The intention was laudable. A children’s choir on the pitch of the Stade de France singing in chorus the anthems of the two nations opening the ball of the World Cup in France. In fact, the interpretation of the Marseillaise, Friday September 8, a few minutes before the start of the World Cup between France and New Zealand (27-13) was rather a hiccup.

Between the children singing like a cannon, the stadium wanting to join in the party without being able to follow them and the players struggling to keep up the rhythm, the French anthem was more of a cacophony than a moment of communion. “The most rotten Marseillaise in history,” exclaimed former French tennis player Julien Benneteau on X (ex-Twitter).

And the question was not limited to the anthem composed by Rouget de Lisle. Throughout the first weekend of the World Cup in France, voices were raised against those of the children who sang the anthems of the twenty competing countries (sometimes live, often recorded).

Beyond the arrangements in canon and harmonies, magnificent to listen to but hardly suitable when several tens of thousands of supporters reinforce the choir, the abyss between the warlike tone of the majority of the anthems and the crystalline voices interpreting them was glaring. “For God’s sake, give everyone back their national anthems. It kills the pre-match,” implored ex-Ireland fullback Rob Kearney on X, summing up the general feeling.

Their voices have been heard. According to l’Equipe and Agence France-Presse (AFP), the organizers of the competition decided, Tuesday, September 12, to give the federations the choice between a new version of the anthems, lighter but still sung by children, or a classic version. “France 2023 is trying to find an intermediate solution but as it stands, the Marseillaise in canon, it was not ideal and it created a cacophony which was not appropriate, assured AFP a source close to the authorities rugby. They’re trying to find a solution, knowing that there have been anthems where it’s gone very well.”

The “Scrum of Choirs”

Exchanges between World Rugby (the body which manages world rugby), the organizing committee as well as the French Minister of Sports, Amélie Oudéa-Castéra, made it possible to reach this compromise: the canons end, and the federations choose between a “classic” anthem – which we imagine to be musical – and the rearranged version. “We have to find a balance between anthems sung with the strength of rugby and not despair of the kids who have worked hard on the subject,” a source close to rugby authorities told AFP.

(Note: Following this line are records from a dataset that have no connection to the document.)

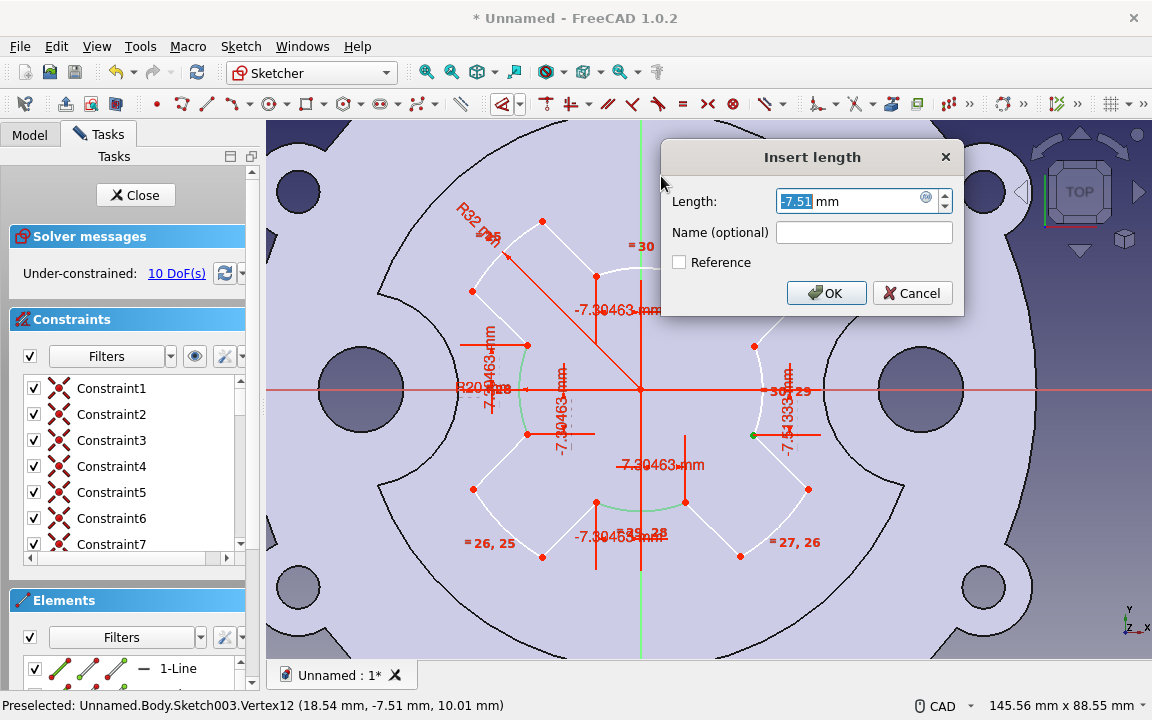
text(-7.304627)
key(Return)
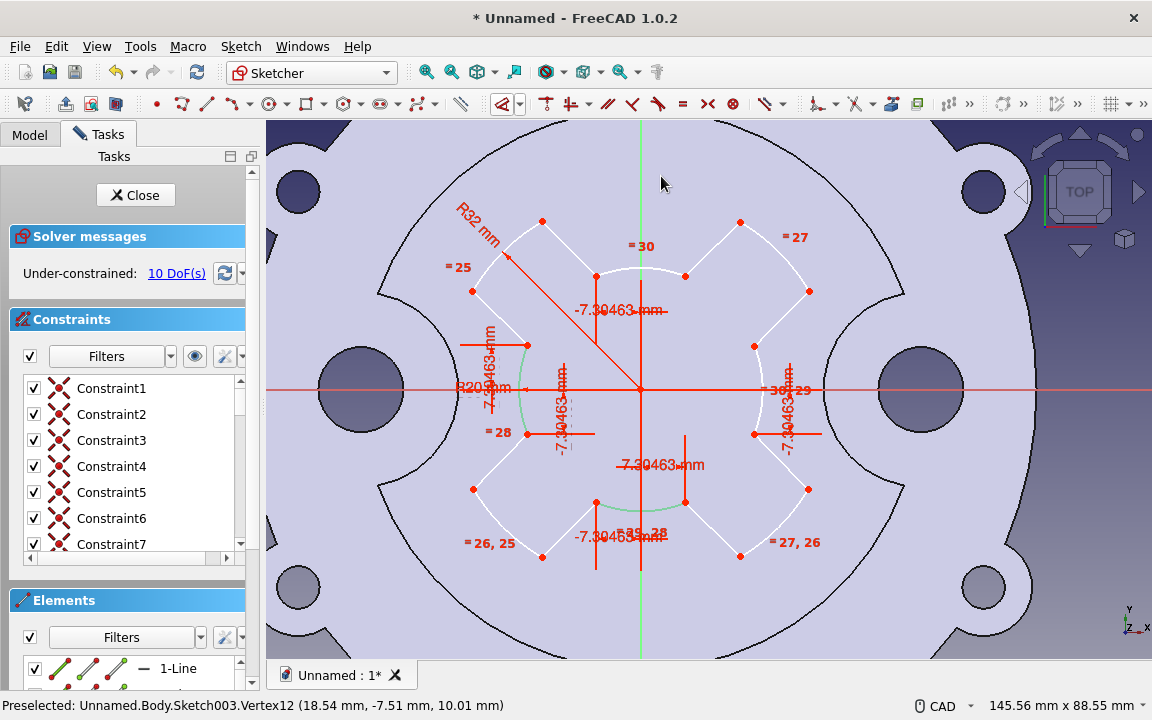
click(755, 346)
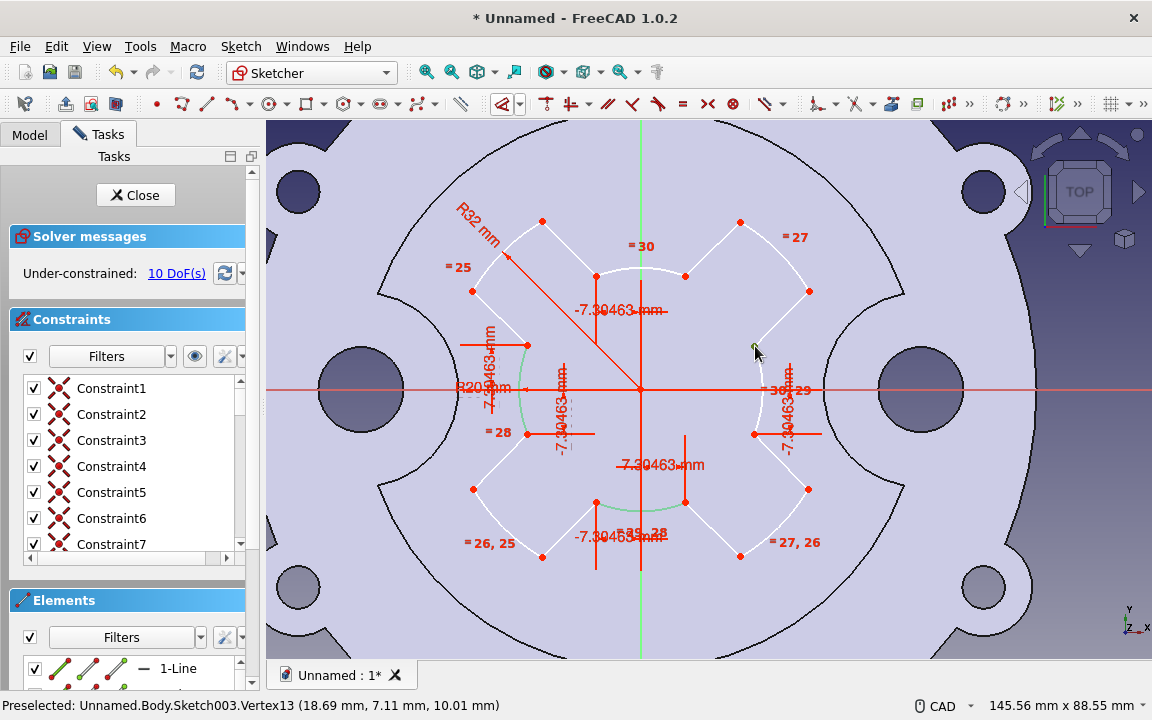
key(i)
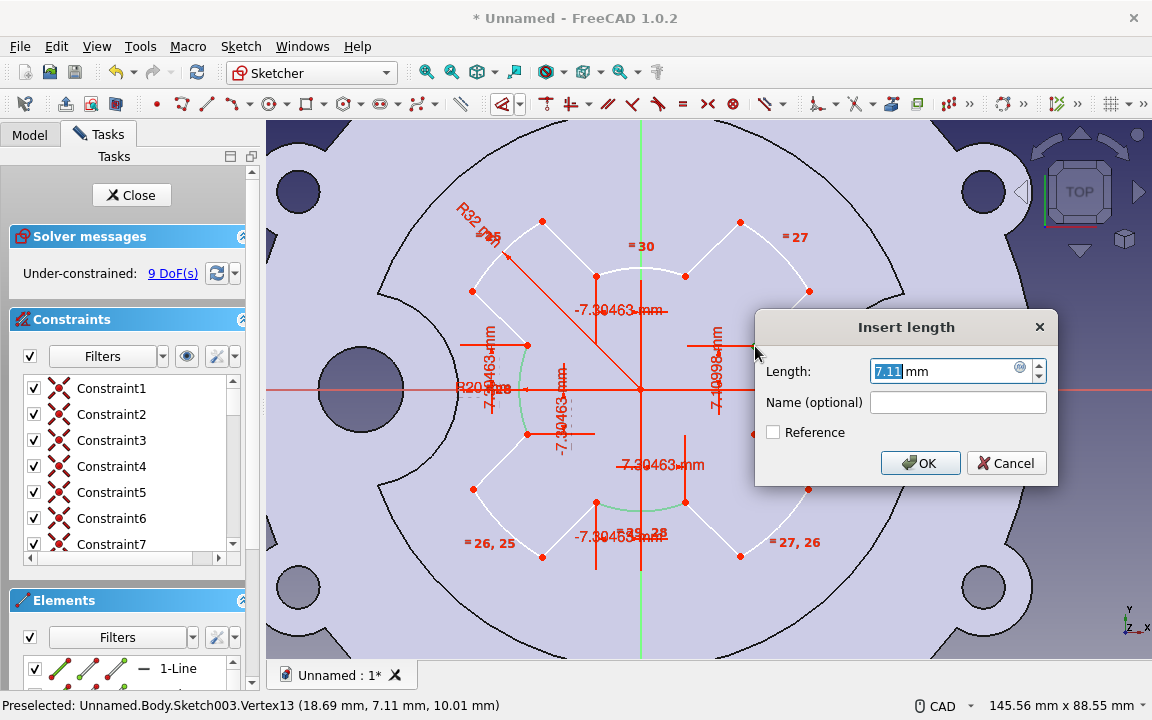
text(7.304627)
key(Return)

Because the “choir melee”, the name of the project involving children’s choirs, is not its first hiccup. Led by Claude Atcher, the former director general of the France 2023 Public Interest Group (GIP) dismissed for serious misconduct a year ago, the project initially planned to have all the anthems of the competition performed (48 matches, therefore) by a choir.

More than 300 children, divided into 26 choirs, rehearsed with this in mind before learning, at the beginning of March, that the enterprise was reduced to its bare minimum: due to logistical impossibilities – particularly in terms of sound system – only the stadiums of Saint-Denis and Marseille kept the choirs, while the other seven venues at the World Cup saw the anthems recorded by the children broadcast in their loudspeakers.

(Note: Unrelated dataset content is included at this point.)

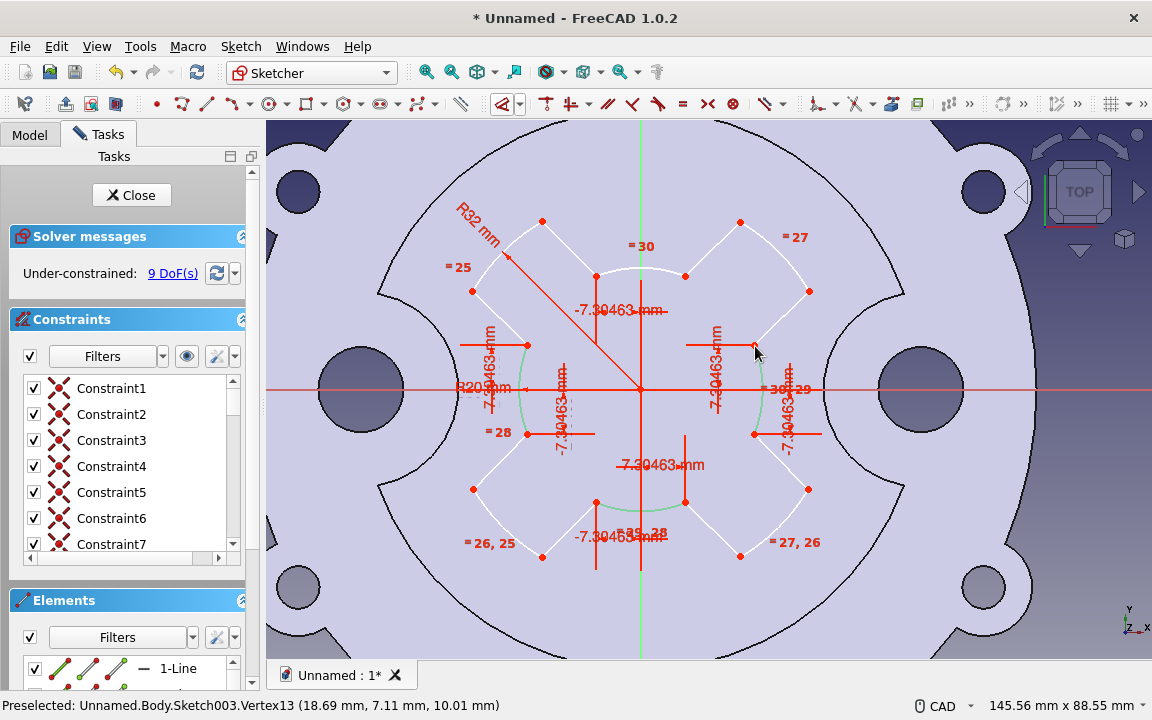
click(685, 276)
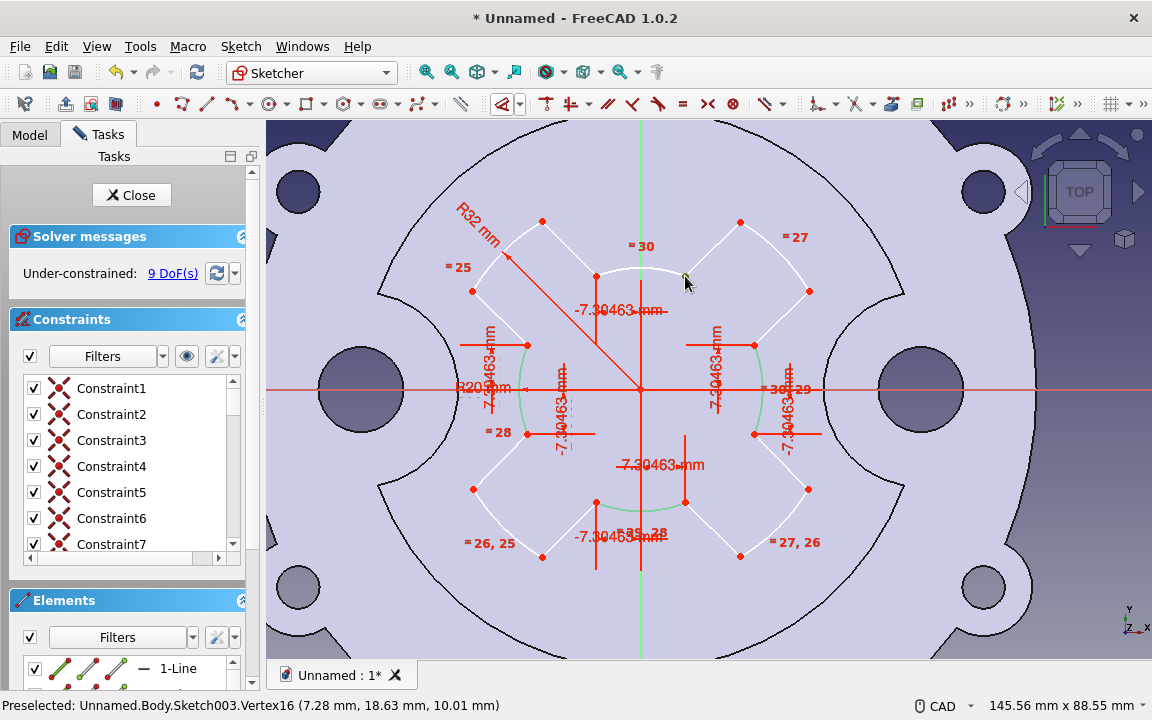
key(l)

If the initial versions had been validated by each federation concerned, these choirs are now restricted – and subject to a second validation. And from Thursday September 14, the XV of France should find a Marseillaise sung in chorus by its supporters, in the Pierre-Mauroy stadium in Villeneuve-d’Ascq (North). However, due to a different organization, there is little chance that they will return to one of the successes of the French Rugby Federation (FFR) in terms of atmosphere: the choice, since the end of the Covid-19 period in 2021, to turn off the sound system midway, to let the stadium complete the anthem a cappella.